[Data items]
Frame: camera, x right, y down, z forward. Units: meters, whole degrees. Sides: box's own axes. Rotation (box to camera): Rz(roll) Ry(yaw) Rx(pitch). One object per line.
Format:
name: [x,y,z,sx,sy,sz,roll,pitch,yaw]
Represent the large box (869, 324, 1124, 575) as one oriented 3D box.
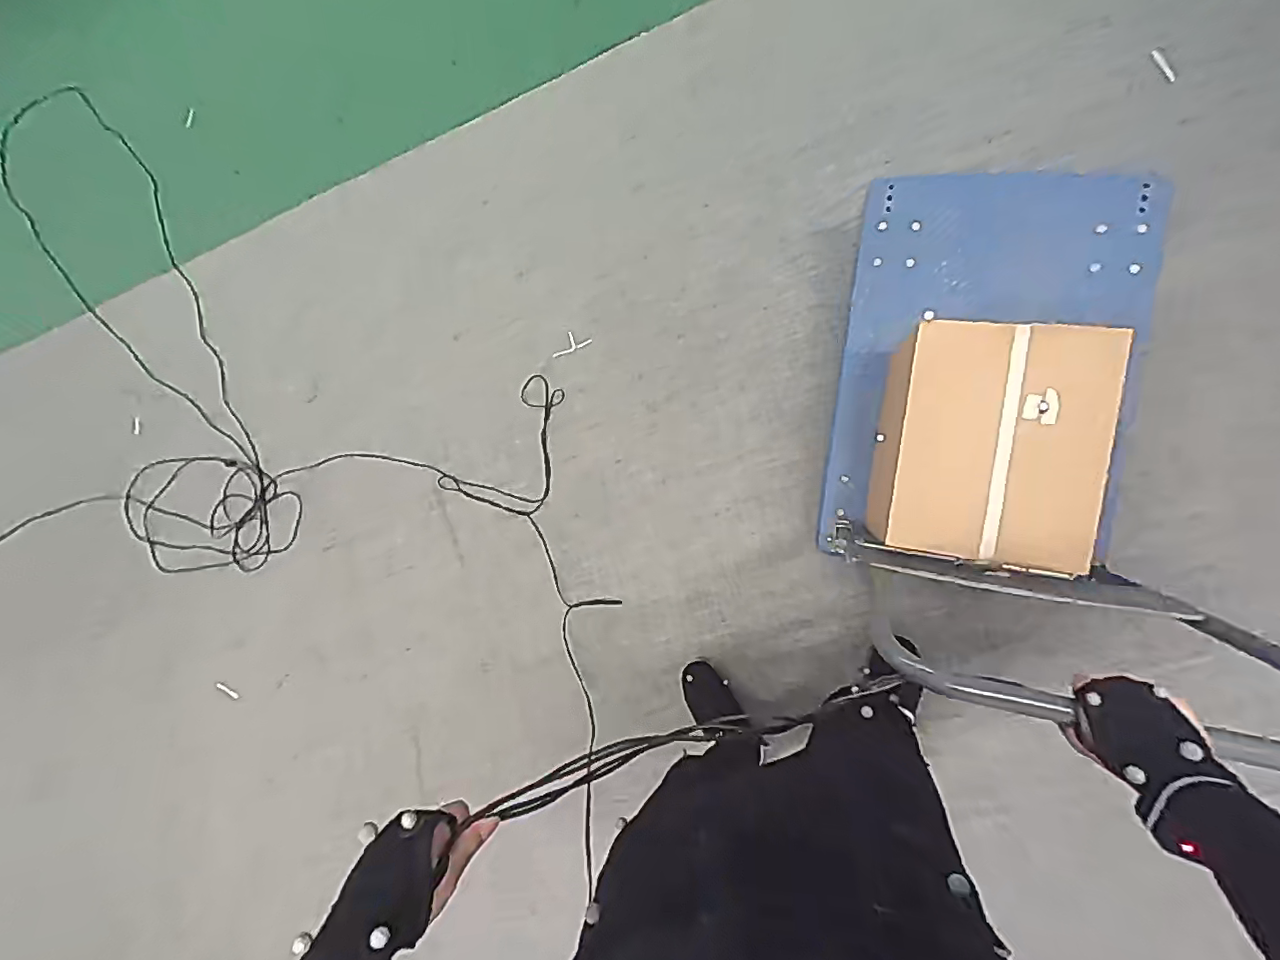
large box: [0.652,-0.058,1.061,0.320,0.320,0.408,9,93,15]

TASK REQUIREMENTS:
The expected output is every line of the data, unchanged, with the pictures skipped.

RESPONSE TO THE EXERCISE:
Frame: camera, x right, y down, z forward. Units: meters, whole degrees. Sides: box's own axes. Rotation (box to camera): Rz(roll) Ry(yaw) Rx(pitch). One object per line.
Format:
name: [x,y,z,sx,sy,sz,roll,pitch,yaw]
Represent the large box (869, 324, 1124, 575) as one oriented 3D box.
large box: [0.652,-0.058,1.061,0.320,0.320,0.408,9,93,15]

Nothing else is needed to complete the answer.